Jason Brandt (born 1973) is an American composer. Jason composed music for the films Camp Hideout (Christopher Lloyd, Corbin Bleu), Christmas Wonderland (Emily Osment) and F.R.E.D.I. (Kelly Hu, Harvey Guillén). Brandt won Best Original Score at the Burbank International Film Festival for his work on F.R.E.D.I.

Other films include the Lifetime thrillers Mommy Be Mine and The Other Mother (Annie Wersching), A Christmas Reunion (Denise Richards, Patrick Muldoon), Night of the Living Dead 3D (Sid Haig) and the documentary That Guy Dick Miller premiered at SXSW 2014.

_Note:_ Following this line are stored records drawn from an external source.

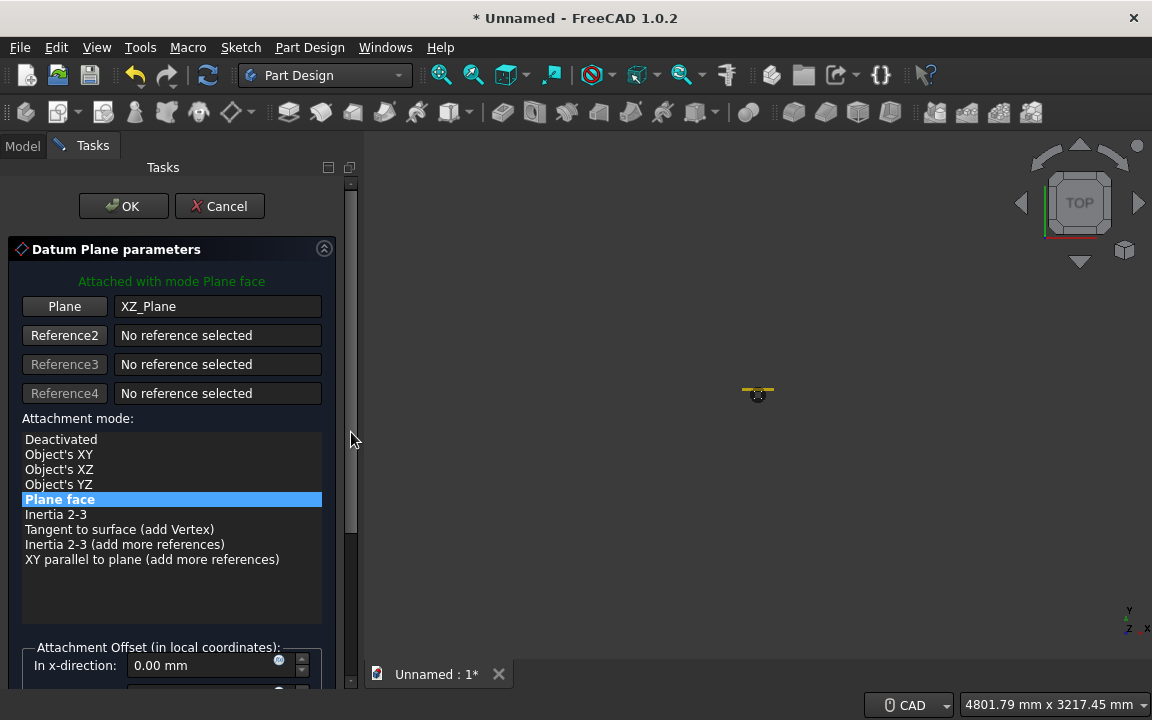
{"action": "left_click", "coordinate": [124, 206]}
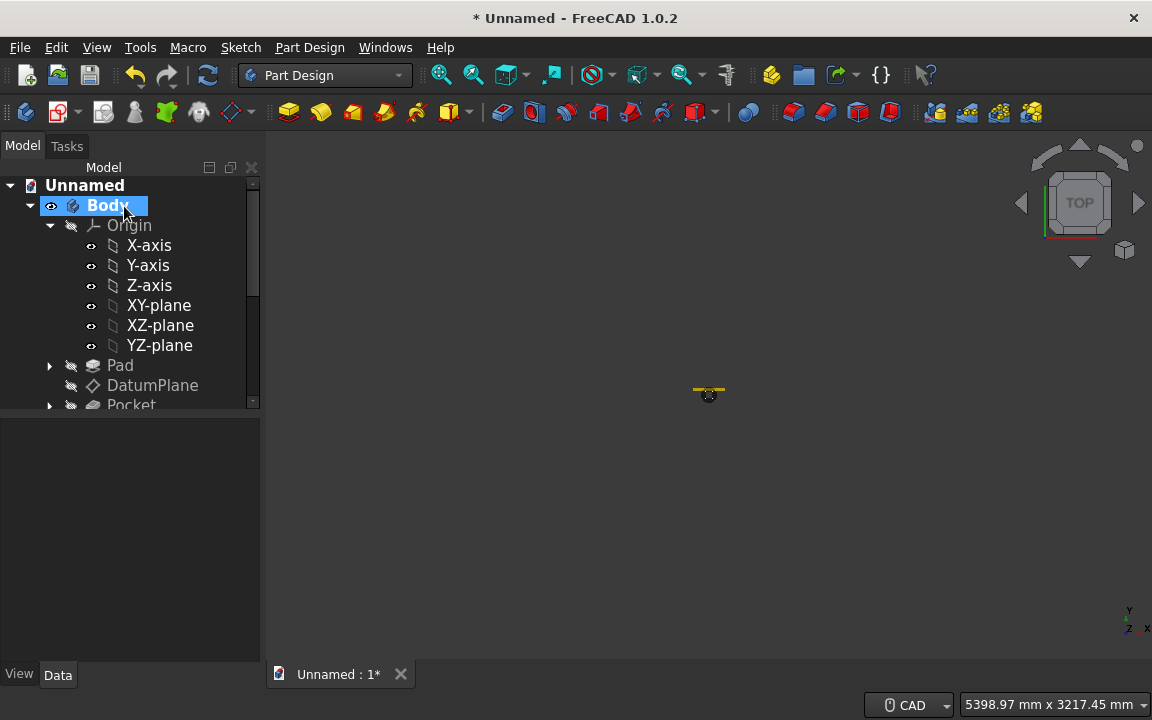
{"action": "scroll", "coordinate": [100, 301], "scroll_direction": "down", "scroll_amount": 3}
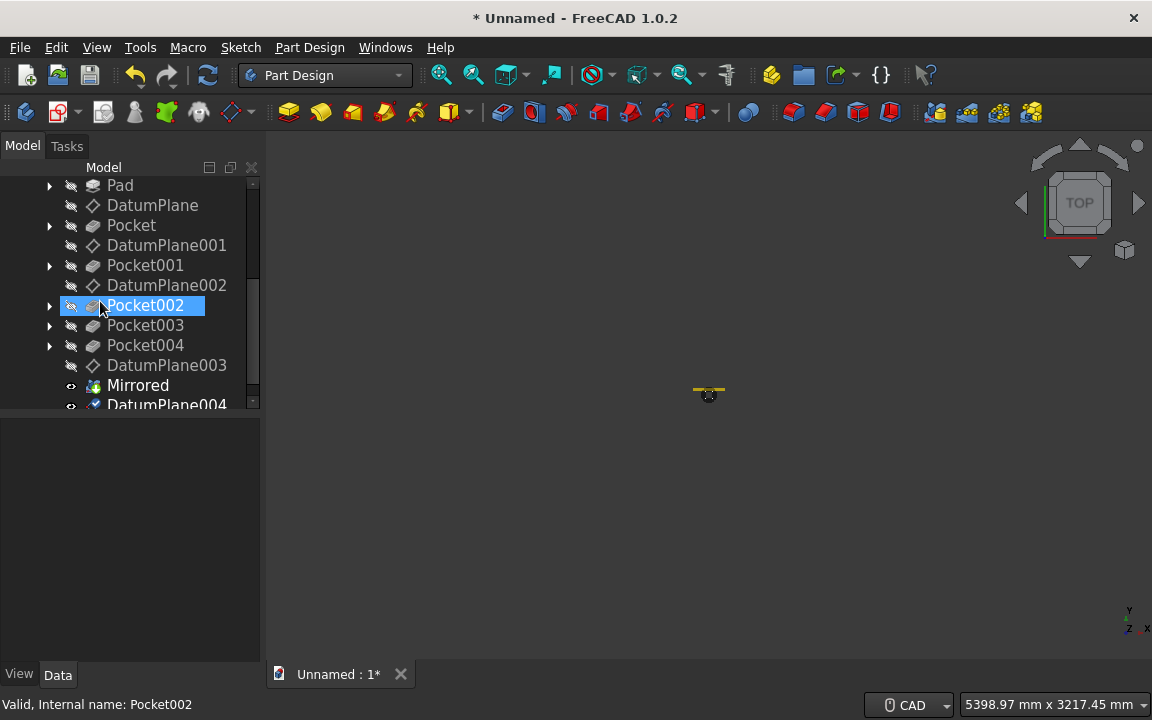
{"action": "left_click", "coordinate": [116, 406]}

Jason also co-executive produced and wrote music for Max Winslow and the House of Secrets, (starring Chad Michael Murray and Tanner Buchanan) which won Best Feature Film at the Burbank International Film Festival and Crystal Palace International Film Festival.

Jason also creates original music for a wide range of national television programming, including Cartoon Network's Teen Titans Go!, Mike Tyson Mysteries, Extra and TMZ. Other TV shows including American Idol, The Bachelor, The Bachelorette and many more.

==List of movies and series==

- The Passing (2005)
- Inside (2006)
- Night of the Living Dead 3D (2006)
- TMZ (TV Show 2007)
- Tapped (2009)
- American Grindhouse (2010)
- Hardflip (2012)
- Night of the Living Dead 3D: Re-Animation (2012)
- Teen Titans Go! (TV Show 2013)
- The Contractor (TV movie, 2013)
- Mike Tyson Mysteries (TV Show 2014)
- That Guy Dick Miller (2014)
- The Dog Who Saved Easter (TV movie, 2014)
- The Dog Who Saved Summer (2015)
- Crime Watch Daily (TV Show 2015)
- A Christmas Reunion (TV movie, 2015)
- The Other Mother (TV movie, 2017)
- F.R.E.D.I. (2018)
- Mommy Be Mine (TV movie, 2018)
- Christmas Wonderland (TV movie, 2018)
- Max Winslow and the House of Secrets (2020)
- Saved by Grace (2022)
- Camp Hideout (2023)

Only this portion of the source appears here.